NorthernMama 03-29-2009 01:58 PM

I'll wait for pics before commenting.

cherriebark 03-29-2009 02:12 PM

Actually this is a different horse. My mare is lame after a trim, and my farrier tells me that this is because the blood flow is increased in her hoof and she has more feeling sensation. I am a little scpetical, but this farrier comes highly reccomended. She says that my mare (Sierra) needs her hooves kept short so that there is less pressure on the nerves or something. If her hooves get too long, the blood flow will decrease and she will be less lame, but the healing will slow. I don't understand it, this is just what my farrier tells me.
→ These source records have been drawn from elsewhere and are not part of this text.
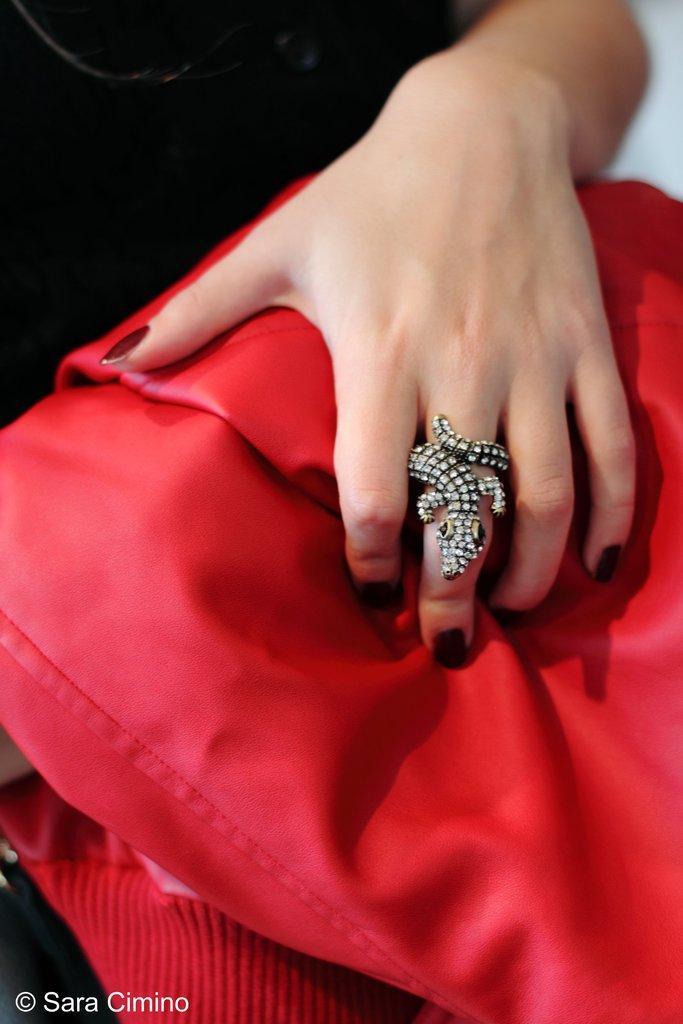Can you describe this image briefly? In this image I can see a person hand and ring. I can see a red color cloth. 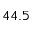<formula> <loc_0><loc_0><loc_500><loc_500>4 4 . 5</formula> 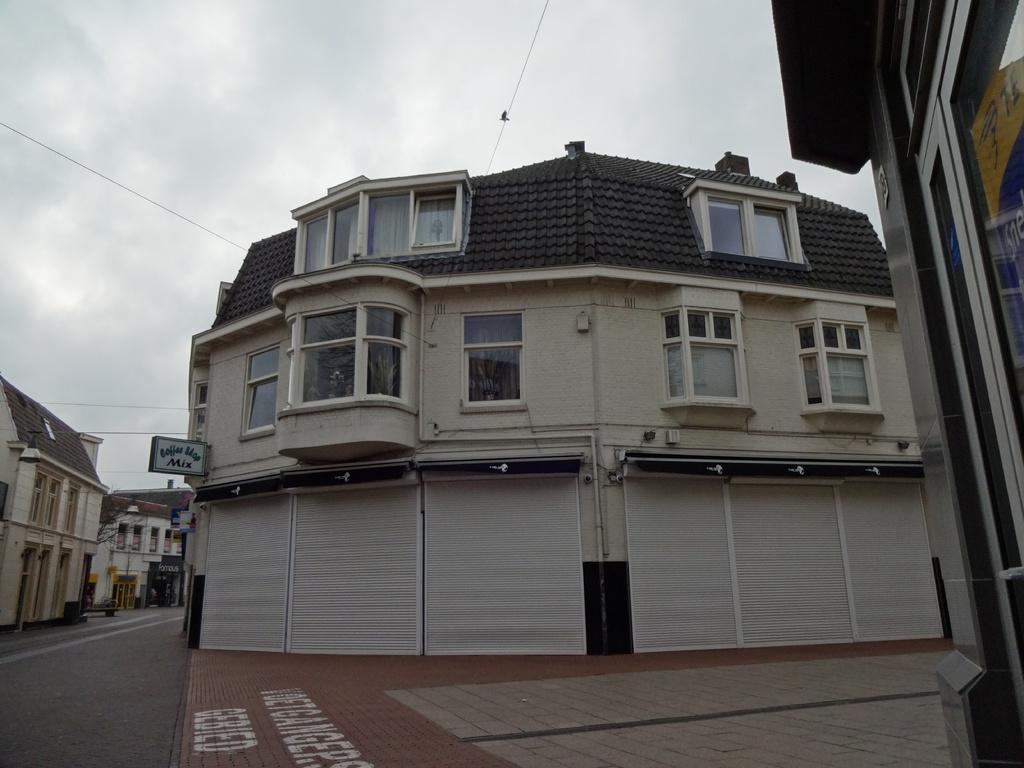Can you describe this image briefly? In this image we can see buildings, name boards, trees and sky with clouds. 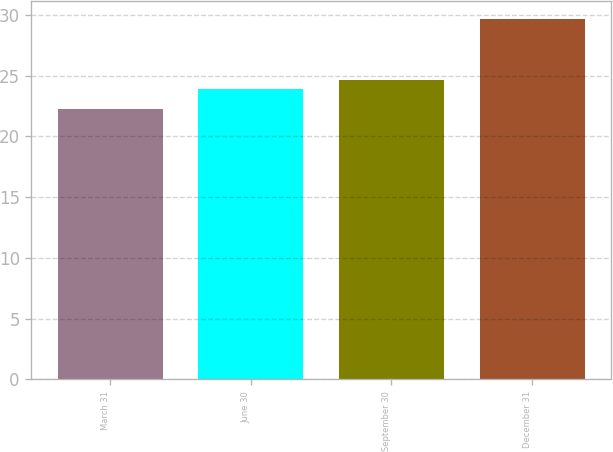Convert chart. <chart><loc_0><loc_0><loc_500><loc_500><bar_chart><fcel>March 31<fcel>June 30<fcel>September 30<fcel>December 31<nl><fcel>22.3<fcel>23.9<fcel>24.64<fcel>29.7<nl></chart>

The gelding, on the other hand, is totally sound. He has an old splint on his front leg that doesn't bother him, and this new weird crack on his front hoof....

NorthernMama 03-29-2009 02:46 PM

Yes, cherriebark -- I read and re-read what I originally posted and then corrected myself... I did respond on your other thread about the mare.

barefoothooves 03-29-2009 07:56 PM

A horizontal crack is usually an old abscess or "gravel" that blew or popped in the hairline. It can come and blow without your knowledge or the horse ever taking a bad step. A blow to the area while that section of hoof wall was growing can cause a weak section that cracks, and it's no big deal. As long as the hoof seems otherwise sound and it's relatively small, just don't worry about it. It will grow down the hoof wall, and then the only problem it's likely to pose is wanting to chip off as it reached ground level. Your farrier will address it as it approaches the ground, and it can make it hard to hold a shoe on while that section grows out. If the horse is barefoot, it's not an issue.
Your farrier is right, in that when shoes are removed or a trim is corrected, increased blood flow means the body starts healing little things it couldn't before and abscesses can be part of that healing process. If it happens a lot, though, I'd look into dietary issues, such as too much sugar or starch (grain, molasses, corn, certain grasses, etc).